Among the various sections of the population of Yanina, there are none who look forward to Greek annexation with more dread and bitterness than the Jews. Descendants, they claim to be, of a colony of Israelites who emigrated to Epirus even before the Christian era, some say as early as the second captivity. Equally removed by religious differences from Christian and from Moslem, they have had time during two thousand years to compare the

persecuting fanaticism of the former with the tolerance, however contemptuous, of the latter. The traditions of their sufferings under the rule of native despots and Byzantine emperors have been constantly revived by fierce outbursts of Christian fanaticism. It is only seven years ago that a Jew was torn to pieces in the streets of Yanina by the Greek mob; and a system of social ostracism was inaugurated under the auspices of the Greek clergy against the whole Jewish community, until the Turkish authorities were obliged to interfere and coerce the Christians into at least the outward observance of their own evangel. If such incidents are not calculated to enlist the sympathies of the Jews on behalf of Hellenic aspirations, there are also other causes which operate to make them view with repugnance any modification of the present state of things. There are many peculiarities connected with Turkish rule which appeal to the money-grubbing instincts of the Hebrew community. The impecuniousness of the Government, which furnishes opportunities for advancing loans at the most usurious rates of interest, the buying and selling of the tithes,

the constant fluctuations of a currency at the mercy of vizierial caprice, the very distress to which the country is reduced by the haphazard misrule of its governors, are so many circumstances which the Jew full well knows how to turn to the best account. Whether he consult his conscience or his pocket, he has no cause to wish for a change, but rather to bless the present system, which allows him to serve both God in peace and Mammon with profit.

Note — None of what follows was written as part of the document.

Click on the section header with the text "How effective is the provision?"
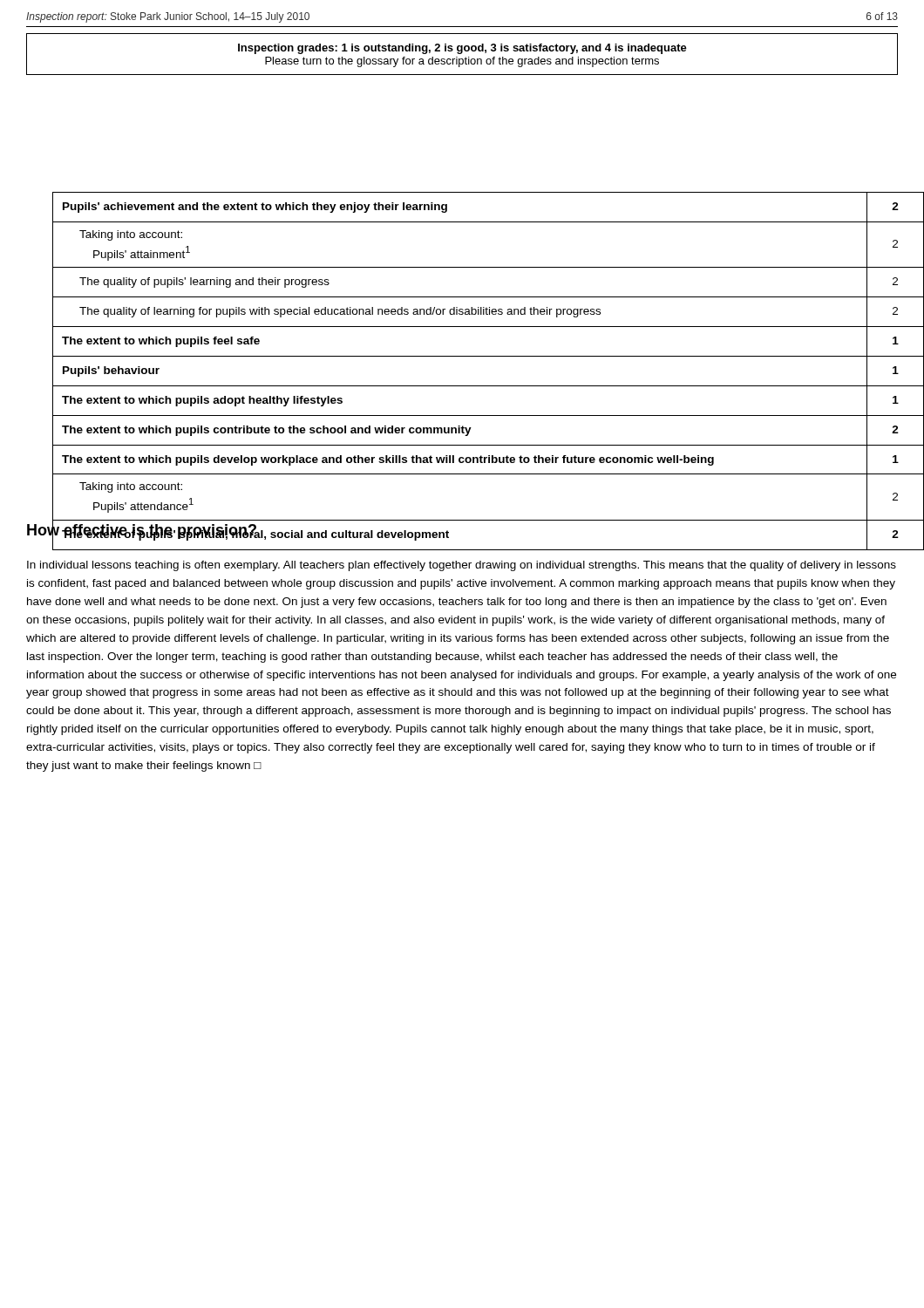click(x=142, y=530)
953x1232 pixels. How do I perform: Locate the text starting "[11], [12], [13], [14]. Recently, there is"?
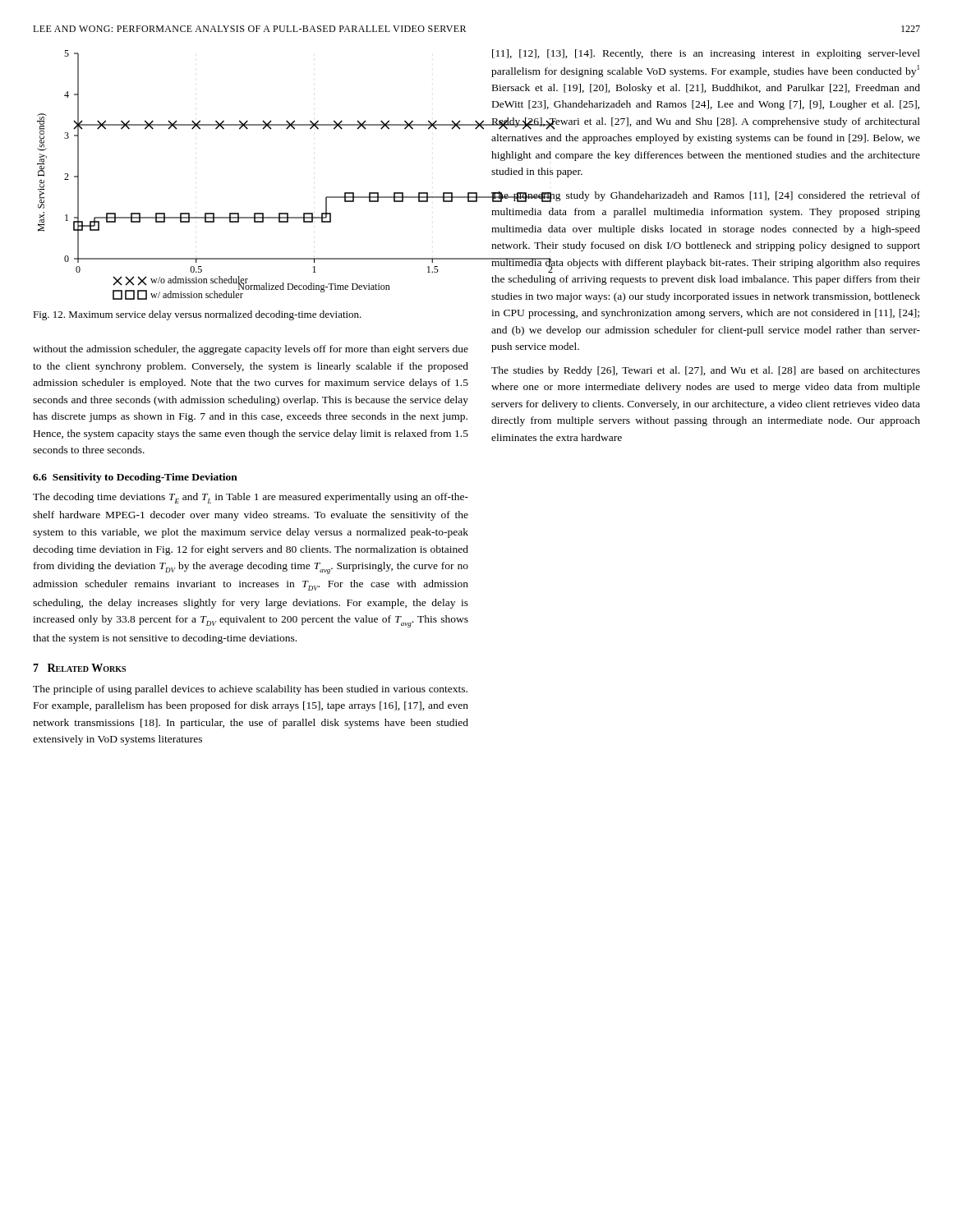click(x=706, y=112)

It is a relief to turn away from the bitterness of party spirit, and the jealousy and suspicion which convert the various communities of Yanina into so many hostile camps, to the calm and eternal beauty of its natural surroundings. Yanina no longer covers the same area as when Ali Pasha, a king in all but the name, adorned it with all the pomp of his barbaric court, and swore by his long white beard that his capital should equal Stamboul in magnificence as it already rivalled it in power. The massive castle which he built out into the lake is but a heap of shapeless ruins; no trace is to be seen of the splendid palace which astonished even Hobhouse and Byron; the gunboats which he brought

overland from Prevesa at the cost of untold labour and expense no longer darken the peaceful surface of the lake; the wall-like slopes of Mount Mytsekeli no longer re-echo the sounds of nocturnal revelry, or the wild shrieks of victims and of dupes committed to the safe keeping of the deep waters which slumber at its feet. But the town which has risen out of the ashes of Ali's capital still offers much to charm the eye and interest the mind; and, if the traveller wearies of the picturesque forms which animate its streets and quaint bazaars, he can pass out from its crowded thoroughfares to the gardens and groves which cluster on the neighbouring hillside, and watch the varied forms of hill and dale, the opposite precipices of Zagori, the gentle slopes of Drysco, the distant peaks of Pindus grow crimson under the embrace of the setting sun, and pale to ashen whiteness as the fickle luminary hurries away on his westward course.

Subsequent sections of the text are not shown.